Log Rotation with two events depending on each other

Hi everybody,

I have got a problem with file rotation and logging messages that depends on each other.
Here my case:

Usually events are written to the logfile in the correct order:

my.log

{id: "1", status: "Running"}
{id: "1", status: "Finished"}

The events are sent to elasticsearch and the latest event override the previous one of the same ID, what is necessary for me.

So my problem is, that

  1. First log entry is sent to ES
  2. File rotation happens -> my.log is renamed to my.log.1
  3. Second log entry is written to new my.log
  4. Filebeat correctly harvesting both files, but in that case a few lines of the my.log are sent to ES before the my.log.1 is harvested to the end.

my.log.1

{id: "1", status: "Running"}

my.log

{id: "1", status: "Finished"}

Here the config (filebeat 5.0)

filebeat.prospectors:

# Each - is a prospector. Most options can be set at the prospector level, so
# you can use different prospectors for various configurations.
# Below are the prospector specific configurations.

- input_type: log
  paths:
    - /var/log/smec/*.log*
  encoding: utf-8
  document_type: TaskLogEntry
  scan_frequency: 1s

What would be the correct way to read out the old (renamed) log file before start reading the new one?

filebeat tries to harvest log files concurrently. It has no idea about file-order in the presence of log-rotation.

Yes, I'm aware of that. But is there a way I can configure filebeat that way, that my problem could be solved?

in filebeat directly? No. In kibana some order is implicit due to '@timestamp' field.

Thats too bad that this is not somehow possible in filebeat.

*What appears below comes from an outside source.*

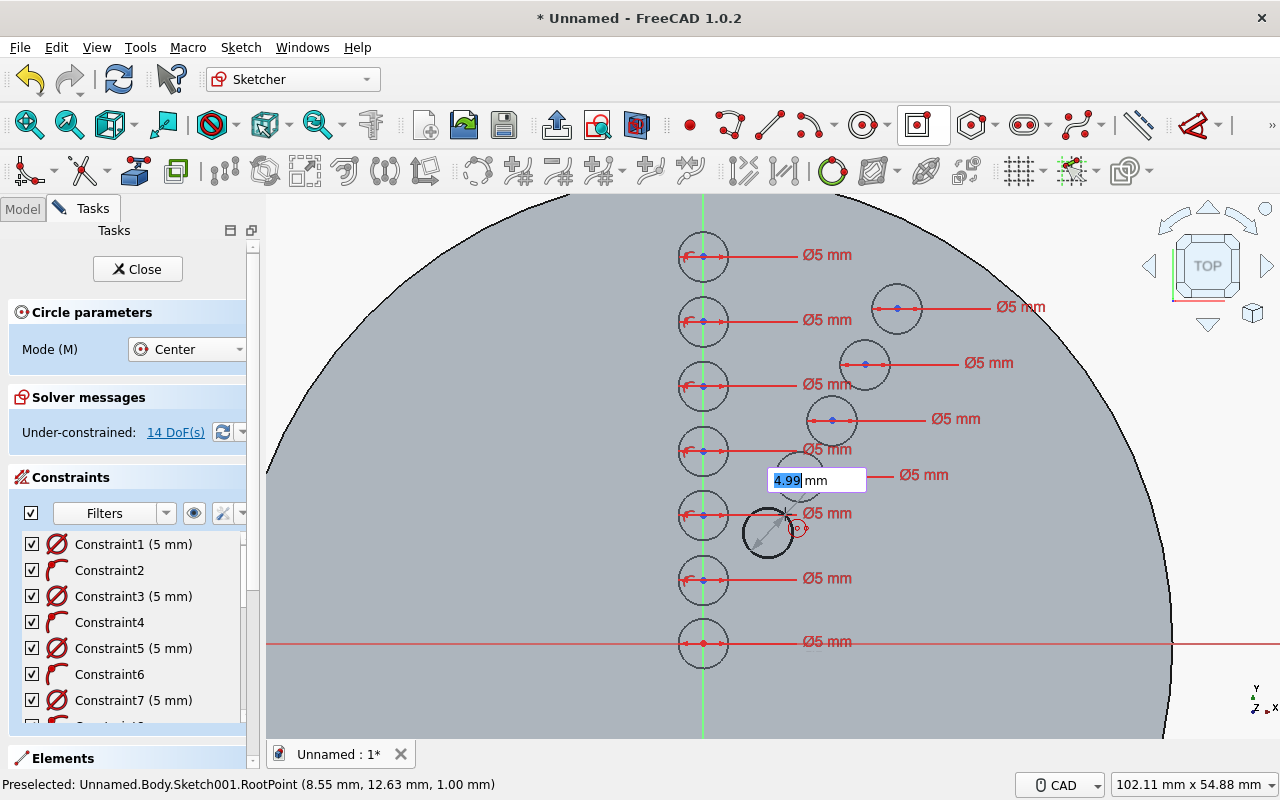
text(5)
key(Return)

In this case, it is not possible in Kibana, because the two log lines have the same ID, and so the latter one overrides former.
In my case, sometimes the logical latter one, is sent to ES before the logical former one (in case of a file rotation).
That means I don't have a chance with the current filebeat to solve this problem somehow.

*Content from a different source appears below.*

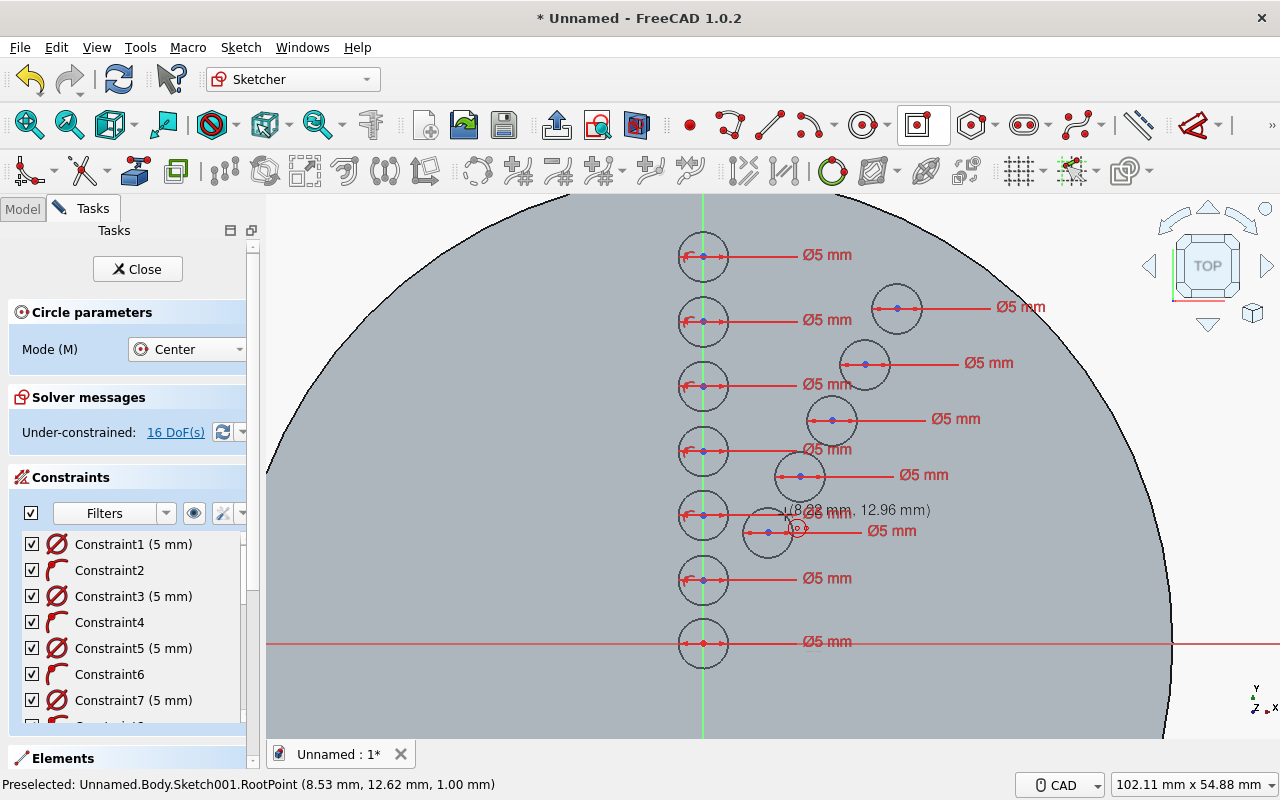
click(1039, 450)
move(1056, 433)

Not sure I get you right, but you basically want to display some current state by overwriting entries in elasticsearch?

Correct. I have a workflow, and a Step in the workflow create different events. In my simple case it starts with RUNNING and ends with FINISHED. Only the (current) latest state should be displayed in ES so we just use the same document-id to override any older Documents in ES.

But when this two events (RUNNING and FINISHED) are written to the log file AND the situation occurs, that a file rotations happens exactly in between those two, there is the chance (and sadly this happens quite often), that the new log file is harvested before the old existing one is again harvested to EOF.

As far as I understand your problem, you could solve this by adding your own timestamp and then sorting based on it?

If you have a timestamp associated with your event in the log, although that is not the case in the example you provided, you could send the data to Logstash as I believe it supports scripted updates that would allow you to check the timestamp and only update it it is newer or no document currently exists for that ID.

Hi, in fact I have a timestamp available in each log-line.
@ruflin: How would sorting solve the problem? I only wan't to see the latest version of a "log line" in ES so I use the same document-id to override older ones.

@Christian_Dahlqvist: sounds very nice. I will try this out and let you know if works for me (I guess it will).

@guenther in case you get it working, I'd love to learn about your solution.

This topic was automatically closed 28 days after the last reply. New replies are no longer allowed.